Rogers then testified about conditions he observed during a 2024 site inspection at the Joint Base, displaying photographs of corroded pipe flanges and fuel lines sitting without secondary containment, meaning no physical barrier to prevent a spill from reaching the harbor.

“The only comparison I’d have would be to abandoned or basically retired sites,” Rogers said. “I’ve never seen anything like this in an active site.”

The Navy challenged the photographs on grounds of hearsay, best evidence, and lack of foundation. Kobayashi overruled most objections but admitted the photos without their captions.

Rogers acknowledged he could not identify which specific pier some photographs were taken at because, he said, the Navy had stripped geolocation data from the images over security concerns.

Rogers also testified that when he and an assistant attempted to trace Navy maintenance and repair orders through completion using the Navy’s own databases, a significant portion could not be confirmed as finished.

“There’s no documentation for completion,” he said. “In my world, if it’s not documented, it wasn’t completed.”
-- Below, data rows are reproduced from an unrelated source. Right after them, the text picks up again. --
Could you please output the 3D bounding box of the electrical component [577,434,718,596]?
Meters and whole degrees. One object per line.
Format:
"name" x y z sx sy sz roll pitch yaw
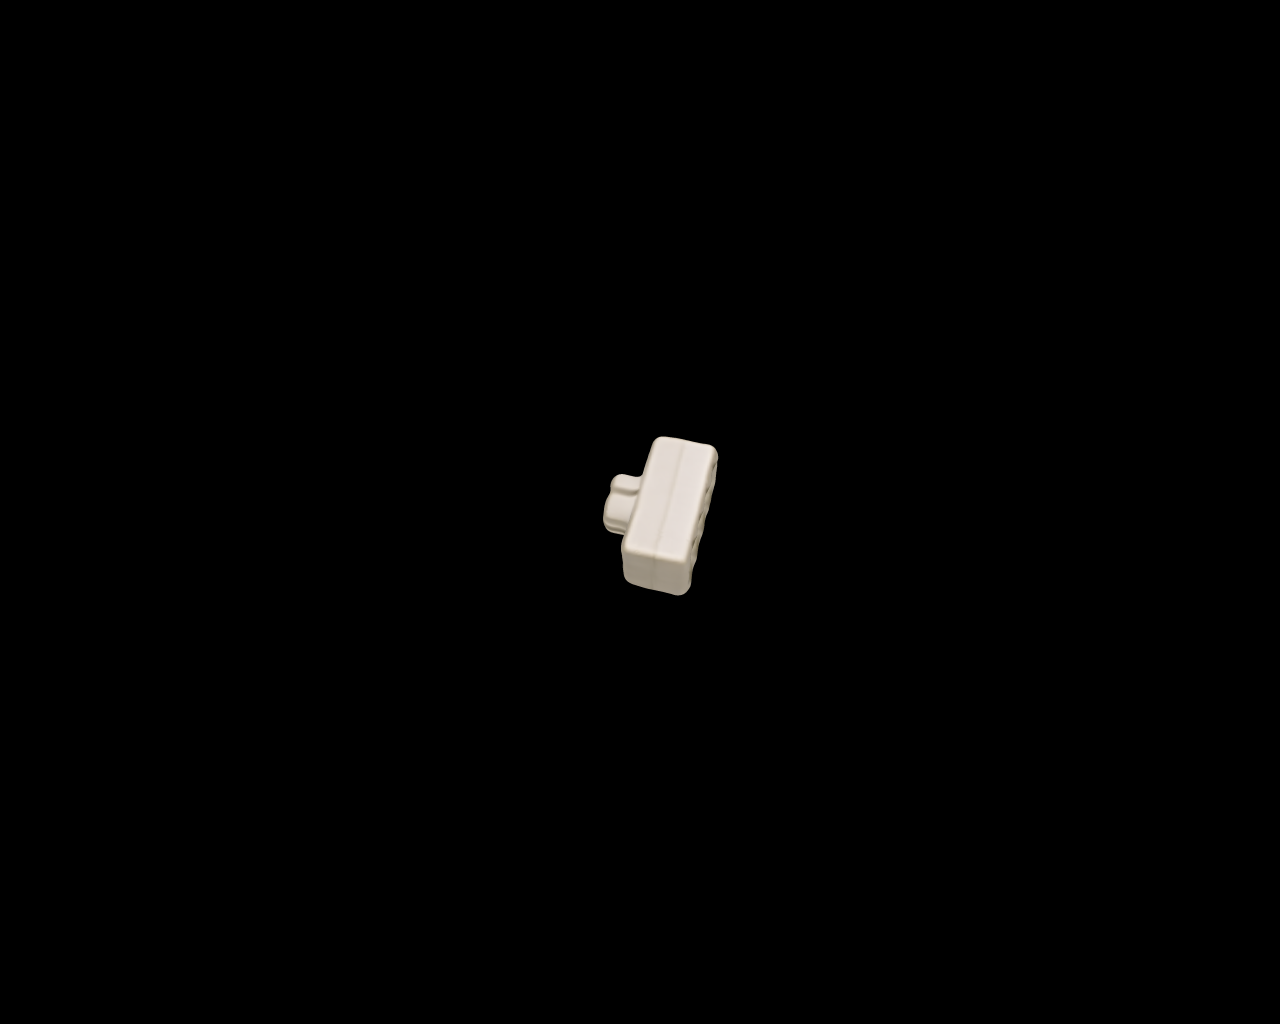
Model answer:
"electrical component" 0.001 -0.003 0.650 0.076 0.083 0.047 13 -28 7
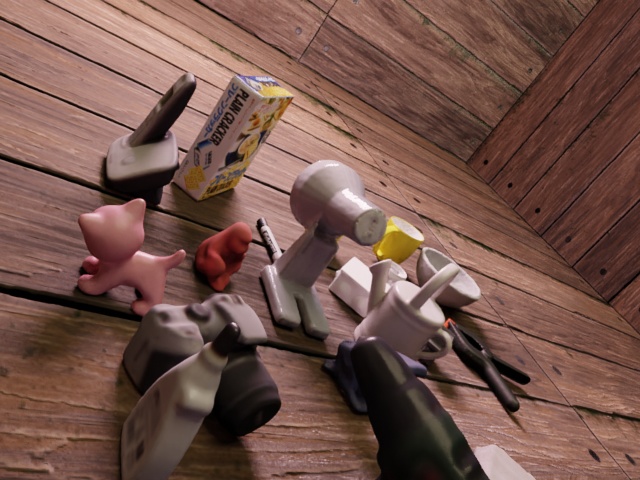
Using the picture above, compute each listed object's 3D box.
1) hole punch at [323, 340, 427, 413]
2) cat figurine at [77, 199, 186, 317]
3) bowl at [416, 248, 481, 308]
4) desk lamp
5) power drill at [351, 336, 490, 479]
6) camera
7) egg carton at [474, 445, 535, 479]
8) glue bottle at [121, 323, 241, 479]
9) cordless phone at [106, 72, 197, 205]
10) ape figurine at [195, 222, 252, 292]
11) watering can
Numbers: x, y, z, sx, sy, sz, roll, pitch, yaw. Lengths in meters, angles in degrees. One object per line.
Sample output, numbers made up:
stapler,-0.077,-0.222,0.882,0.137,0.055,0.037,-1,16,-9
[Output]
hole punch,0.078,0.176,0.801,0.109,0.091,0.101,13,31,-46
cat figurine,-0.216,0.011,0.646,0.128,0.117,0.067,26,24,-26
bowl,0.275,0.098,1.289,0.168,0.074,0.167,32,22,-14
desk lamp,0.008,0.003,0.877,0.118,0.213,0.202,23,25,-32
power drill,0.055,0.230,0.497,0.229,0.208,0.076,47,23,24
camera,-0.105,0.129,0.601,0.144,0.100,0.136,8,36,-52
egg carton,0.232,0.338,0.742,0.107,0.069,0.151,41,22,11
glue bottle,-0.114,0.133,0.480,0.037,0.173,0.078,24,25,-30
cordless phone,-0.242,-0.161,0.862,0.094,0.185,0.147,23,26,-33
ape figurine,-0.129,0.015,0.808,0.076,0.092,0.078,49,24,27
watering can,0.142,0.105,0.904,0.173,0.194,0.101,37,21,-1
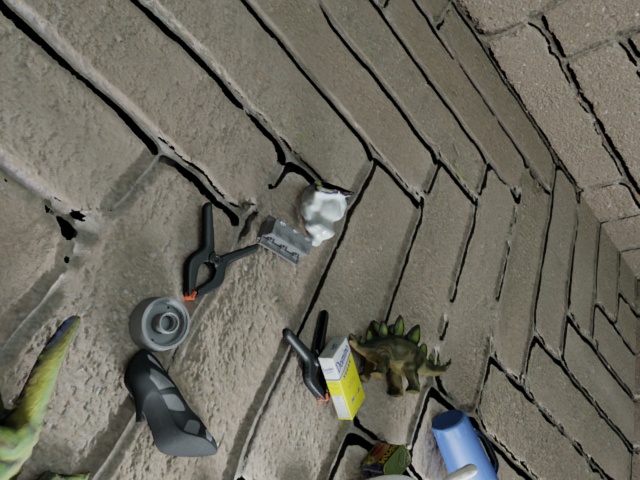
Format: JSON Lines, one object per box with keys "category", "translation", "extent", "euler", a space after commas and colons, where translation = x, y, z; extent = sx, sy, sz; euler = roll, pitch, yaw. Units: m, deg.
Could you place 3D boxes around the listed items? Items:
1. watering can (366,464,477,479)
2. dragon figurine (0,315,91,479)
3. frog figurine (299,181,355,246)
{"category": "watering can", "translation": [0.201, 0.624, 1.194], "extent": [0.106, 0.347, 0.220], "euler": [-95, 172, -64]}
{"category": "dragon figurine", "translation": [-0.459, 0.343, 0.796], "extent": [0.419, 0.122, 0.238], "euler": [-53, 132, -36]}
{"category": "frog figurine", "translation": [0.004, -0.068, 1.342], "extent": [0.138, 0.124, 0.157], "euler": [-4, 117, -52]}
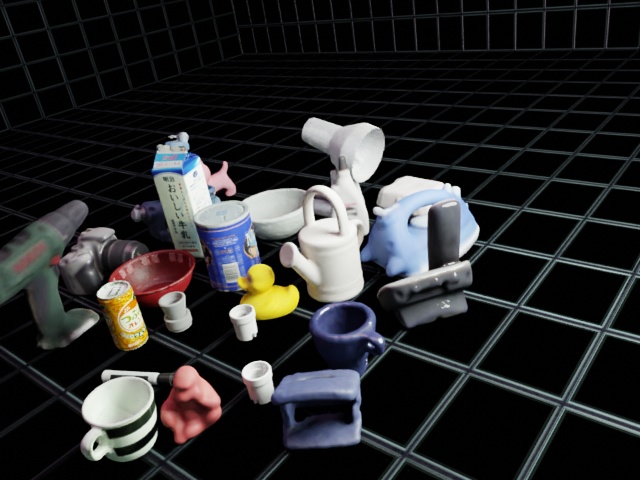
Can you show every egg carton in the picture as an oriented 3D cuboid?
[{"bbox_3d":[0.198,-0.084,1.212,0.149,0.069,0.107,17,37,41],"label":"egg carton"}]

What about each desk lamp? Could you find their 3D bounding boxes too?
[{"bbox_3d":[0.041,-0.158,1.245,0.202,0.214,0.118,13,35,37],"label":"desk lamp"}]

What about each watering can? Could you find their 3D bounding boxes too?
[{"bbox_3d":[0.011,0.004,0.964,0.100,0.194,0.173,4,30,25],"label":"watering can"}]

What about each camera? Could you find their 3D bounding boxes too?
[{"bbox_3d":[-0.425,0.034,1.146,0.136,0.101,0.143,1,29,19],"label":"camera"}]

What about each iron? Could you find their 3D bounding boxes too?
[{"bbox_3d":[0.193,-0.033,1.036,0.259,0.142,0.118,-25,31,-27],"label":"iron"}]

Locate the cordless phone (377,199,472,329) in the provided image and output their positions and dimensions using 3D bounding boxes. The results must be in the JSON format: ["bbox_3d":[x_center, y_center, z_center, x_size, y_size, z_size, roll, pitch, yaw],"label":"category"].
[{"bbox_3d":[0.157,0.030,0.878,0.148,0.185,0.094,-17,28,-15],"label":"cordless phone"}]

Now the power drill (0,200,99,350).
[{"bbox_3d":[-0.458,0.067,0.972,0.075,0.209,0.230,5,30,26],"label":"power drill"}]

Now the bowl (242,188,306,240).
[{"bbox_3d":[-0.092,-0.046,1.224,0.167,0.075,0.167,-7,27,4],"label":"bowl"}]

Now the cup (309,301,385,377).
[{"bbox_3d":[0.045,0.149,0.782,0.117,0.095,0.092,18,38,42],"label":"cup"}]

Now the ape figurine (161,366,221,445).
[{"bbox_3d":[-0.169,0.205,0.744,0.077,0.092,0.076,-3,28,12],"label":"ape figurine"}]

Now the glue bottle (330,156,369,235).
[{"bbox_3d":[0.053,-0.086,1.148,0.078,0.173,0.037,-11,27,-4],"label":"glue bottle"}]

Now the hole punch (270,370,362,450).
[{"bbox_3d":[-0.004,0.194,0.713,0.108,0.091,0.101,-6,27,6],"label":"hole punch"}]

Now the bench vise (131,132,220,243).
[{"bbox_3d":[-0.318,-0.114,1.267,0.121,0.220,0.208,6,31,27],"label":"bench vise"}]

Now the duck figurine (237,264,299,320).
[{"bbox_3d":[-0.091,0.081,0.965,0.104,0.086,0.077,-5,27,9],"label":"duck figurine"}]

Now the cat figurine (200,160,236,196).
[{"bbox_3d":[-0.288,-0.161,1.461,0.128,0.118,0.067,-21,30,-22],"label":"cat figurine"}]
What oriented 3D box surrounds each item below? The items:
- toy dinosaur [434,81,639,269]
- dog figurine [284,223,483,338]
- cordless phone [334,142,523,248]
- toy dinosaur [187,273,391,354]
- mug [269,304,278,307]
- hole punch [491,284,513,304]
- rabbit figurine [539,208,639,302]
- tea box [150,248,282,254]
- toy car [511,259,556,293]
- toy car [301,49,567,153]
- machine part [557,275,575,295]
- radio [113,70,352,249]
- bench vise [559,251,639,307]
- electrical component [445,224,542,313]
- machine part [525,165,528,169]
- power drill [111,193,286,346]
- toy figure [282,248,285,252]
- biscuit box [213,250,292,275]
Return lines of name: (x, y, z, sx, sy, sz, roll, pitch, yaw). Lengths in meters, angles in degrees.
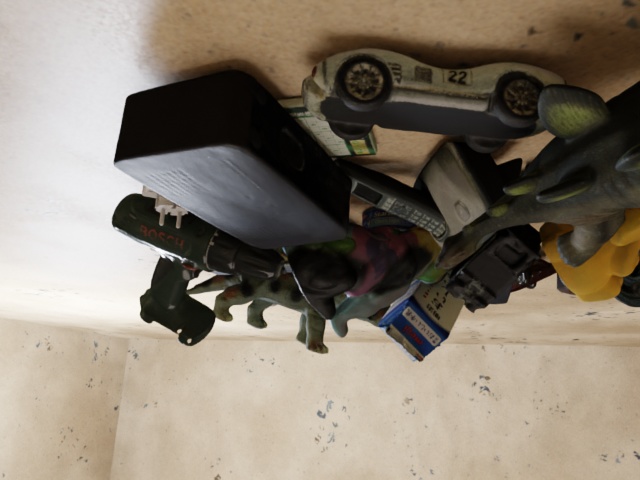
toy dinosaur: (0.274, -0.078, 0.350, 0.471, 0.105, 0.198, -29, 155, 30)
dog figurine: (0.084, 0.013, 0.669, 0.219, 0.109, 0.191, -29, 137, 5)
cordless phone: (0.101, -0.061, 0.569, 0.184, 0.088, 0.146, 22, 164, 0)
toy dinosaur: (-0.061, 0.083, 0.976, 0.405, 0.192, 0.131, 18, 172, 5)
mug: (-0.135, 0.081, 1.106, 0.110, 0.081, 0.107, -3, 153, 40)
hole punch: (0.272, 0.056, 0.921, 0.142, 0.092, 0.115, 3, 161, 12)
rabbit figurine: (0.360, -0.018, 0.645, 0.173, 0.122, 0.162, -22, 145, 27)
tea box: (-0.148, -0.010, 0.781, 0.170, 0.068, 0.098, -3, 163, 24)
toy car: (0.377, 0.064, 0.986, 0.089, 0.053, 0.202, -11, 164, -4)
toy car: (0.086, -0.109, 0.419, 0.202, 0.056, 0.073, 5, 170, -4)
machine part: (0.519, 0.065, 0.964, 0.179, 0.056, 0.179, 2, 166, 1)
radio: (-0.067, -0.062, 0.518, 0.131, 0.073, 0.229, -7, 159, 27)
bench vise: (0.468, 0.031, 0.738, 0.224, 0.129, 0.240, 6, 170, -13)
electrical component: (0.230, 0.023, 0.702, 0.115, 0.058, 0.134, -48, 174, 28)
machine part: (0.237, -0.055, 0.620, 0.084, 0.039, 0.139, 2, 165, -29)
power drill: (-0.166, 0.048, 0.703, 0.232, 0.086, 0.207, 27, 137, 7)
toy figure: (-0.001, 0.001, 0.779, 0.089, 0.082, 0.180, -2, 161, 24)
biscuit box: (-0.107, 0.022, 0.896, 0.203, 0.059, 0.062, -3, 166, 25)
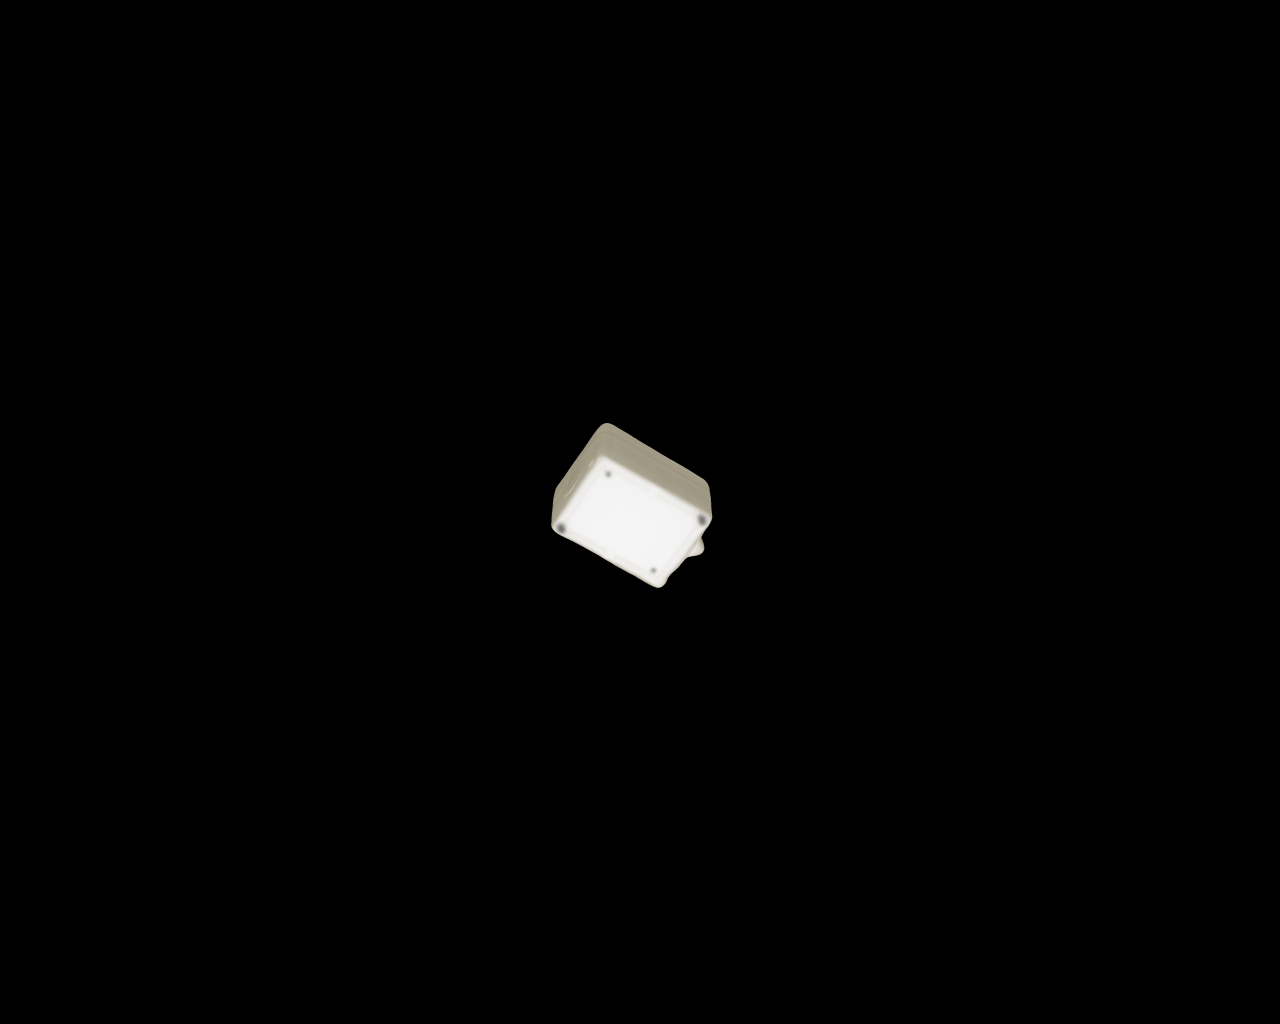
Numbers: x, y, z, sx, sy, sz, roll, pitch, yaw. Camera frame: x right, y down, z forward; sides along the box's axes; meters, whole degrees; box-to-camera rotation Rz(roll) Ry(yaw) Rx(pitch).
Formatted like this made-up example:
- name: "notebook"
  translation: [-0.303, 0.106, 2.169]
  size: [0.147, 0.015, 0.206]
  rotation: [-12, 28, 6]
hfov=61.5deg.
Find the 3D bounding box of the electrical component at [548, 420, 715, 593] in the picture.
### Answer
- name: "electrical component"
  translation: [0.001, -0.003, 0.650]
  size: [0.096, 0.061, 0.061]
  rotation: [30, 23, -14]
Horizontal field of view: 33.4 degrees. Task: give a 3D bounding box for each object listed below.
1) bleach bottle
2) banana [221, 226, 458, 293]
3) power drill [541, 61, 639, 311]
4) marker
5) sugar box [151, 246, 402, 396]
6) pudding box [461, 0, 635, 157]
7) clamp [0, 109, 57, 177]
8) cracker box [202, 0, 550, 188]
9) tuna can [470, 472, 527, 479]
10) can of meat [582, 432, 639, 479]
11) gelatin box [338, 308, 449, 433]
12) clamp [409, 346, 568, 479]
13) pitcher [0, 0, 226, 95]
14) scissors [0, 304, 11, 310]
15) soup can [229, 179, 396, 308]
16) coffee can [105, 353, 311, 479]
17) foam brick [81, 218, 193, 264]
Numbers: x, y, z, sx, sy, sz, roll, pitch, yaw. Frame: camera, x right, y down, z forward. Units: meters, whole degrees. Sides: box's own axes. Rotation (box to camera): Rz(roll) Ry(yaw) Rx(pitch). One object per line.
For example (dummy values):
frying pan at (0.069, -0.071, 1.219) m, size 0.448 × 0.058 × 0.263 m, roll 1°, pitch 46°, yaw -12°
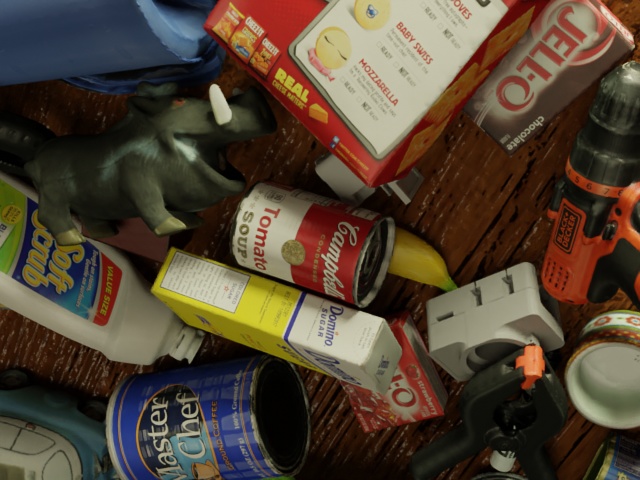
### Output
bleach bottle at (-0.207, 0.024, 0.881) m, size 0.251 × 0.102 × 0.068 m, roll 29°, pitch 156°, yaw -4°
banana at (0.011, 0.013, 0.825) m, size 0.198 × 0.037 × 0.070 m, roll 7°, pitch 116°, yaw 16°
power drill at (0.228, 0.001, 0.680) m, size 0.188 × 0.057 × 0.184 m, roll 46°, pitch 143°, yaw 40°
marker at (0.162, 0.133, 0.843) m, size 0.020 × 0.020 × 0.121 m, roll 21°, pitch 120°, yaw 8°
sugar box at (-0.031, 0.063, 0.808) m, size 0.176 × 0.093 × 0.048 m, roll 20°, pitch 76°, yaw 20°
pudding box at (0.137, -0.126, 0.712) m, size 0.090 × 0.039 × 0.114 m, roll 43°, pitch 121°, yaw -6°
clamp at (-0.276, -0.086, 0.802) m, size 0.165 × 0.209 × 0.036 m, roll 1°, pitch 73°, yaw 32°
cracker box at (0.049, -0.166, 0.677) m, size 0.164 × 0.072 × 0.214 m, roll 45°, pitch 116°, yaw 13°
tuna can at (0.150, 0.228, 0.855) m, size 0.086 × 0.086 × 0.034 m, roll 15°, pitch 121°, yaw 11°
can of meat at (0.246, 0.208, 0.830) m, size 0.084 × 0.057 × 0.102 m, roll 22°, pitch 120°, yaw 9°
gelatin box at (0.053, 0.107, 0.861) m, size 0.073 × 0.030 × 0.089 m, roll -18°, pitch 108°, yaw 25°
clamp at (0.129, 0.143, 0.805) m, size 0.120 × 0.039 × 0.171 m, roll 0°, pitch 132°, yaw 3°
pitcher at (-0.192, -0.168, 0.764) m, size 0.243 × 0.144 × 0.149 m, roll -6°, pitch 101°, yaw 25°
scissors at (-0.227, 0.056, 0.940) m, size 0.202 × 0.016 × 0.096 m, roll 38°, pitch 122°, yaw -2°
soup can at (-0.005, 0.001, 0.768) m, size 0.102 × 0.068 × 0.068 m, roll 18°, pitch 120°, yaw 20°
coffee can at (-0.092, 0.153, 0.891) m, size 0.140 × 0.102 × 0.103 m, roll -12°, pitch 111°, yaw 23°
foam brick at (-0.144, -0.023, 0.851) m, size 0.078 × 0.053 × 0.051 m, roll 19°, pitch 120°, yaw 10°
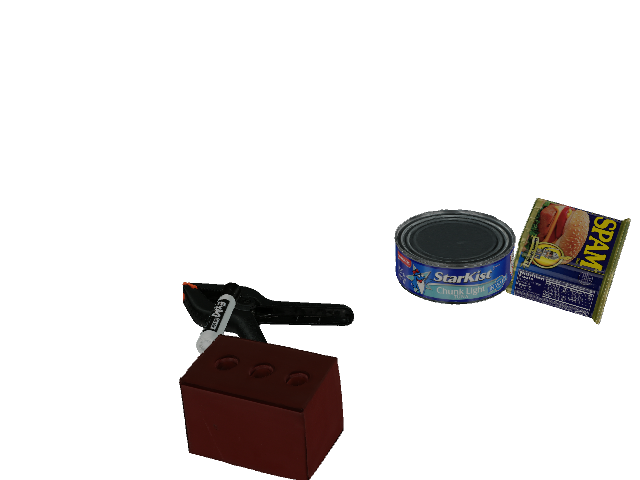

Asked why weekly meetings between Navy units would not be sufficient to address the problem, Rogers said meetings alone are not enough without documented follow-through.

“Meetings don’t really accomplish much unless you document and schedule the results of those meetings,” he said.

The trial is expected to continue for several more days.

The Navy plans to call an engineering contractor who spent three years working with the Navy on safety improvements after the 2021 spill, and a structural engineer who conducted a recent physical inspection of the facility and is expected to testify that no ongoing release exists and that recurrence is not reasonably likely.